I apreciate that, but I don't turn my back on my mates.  I don't hang out much with him anymore though for that reason but I did grow up with him.  Your advice is apreciated though.  Thank you.


----------



## Touch Of Death (May 25, 2007)

Em MacIntosh said:


> I apreciate that, but I don't turn my back on my mates. I don't hang out much with him anymore though for that reason but I did grow up with him. Your advice is apreciated though. Thank you.


I'm glad you said that. My advice is to rent the movie, "Mean Streats". Its an old Dinero flick... Enjoy.
Sean


----------



## Darth F.Takeda (May 28, 2007)

Well, if he is not starting it, then why should he back away? That's a personal choice. You and I might beable to back away, with no harm done, but maybe backnig away from someone, who went out of their way to confront him, leaves him feeling like a victim pr a coward?

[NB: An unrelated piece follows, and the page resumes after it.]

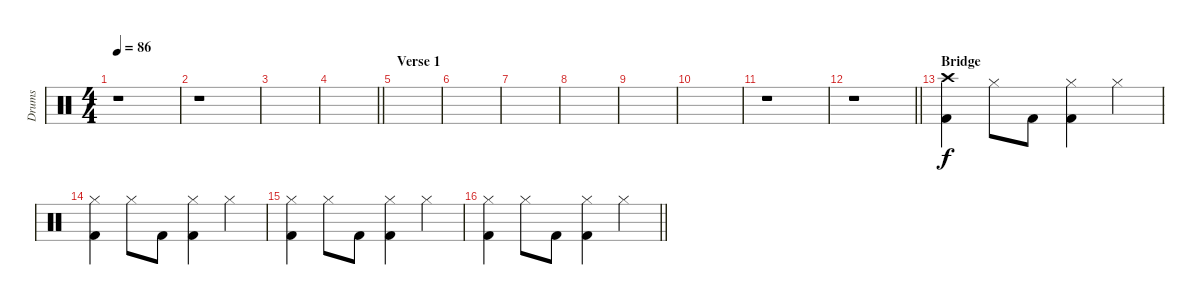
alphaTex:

   Yes it's safer (and useually smarter)  to  walk away, but there have been times when I have done it, where I feel the bastard took something from me and in hindsight, I should have fought.

  You should not eat ****, as it is an aquiered taste..  eat to much and you might learn to like it.

 If this guy is not starting it, then good for him, being the semingly meek guy, who attacks like a wolverine when attacked.


----------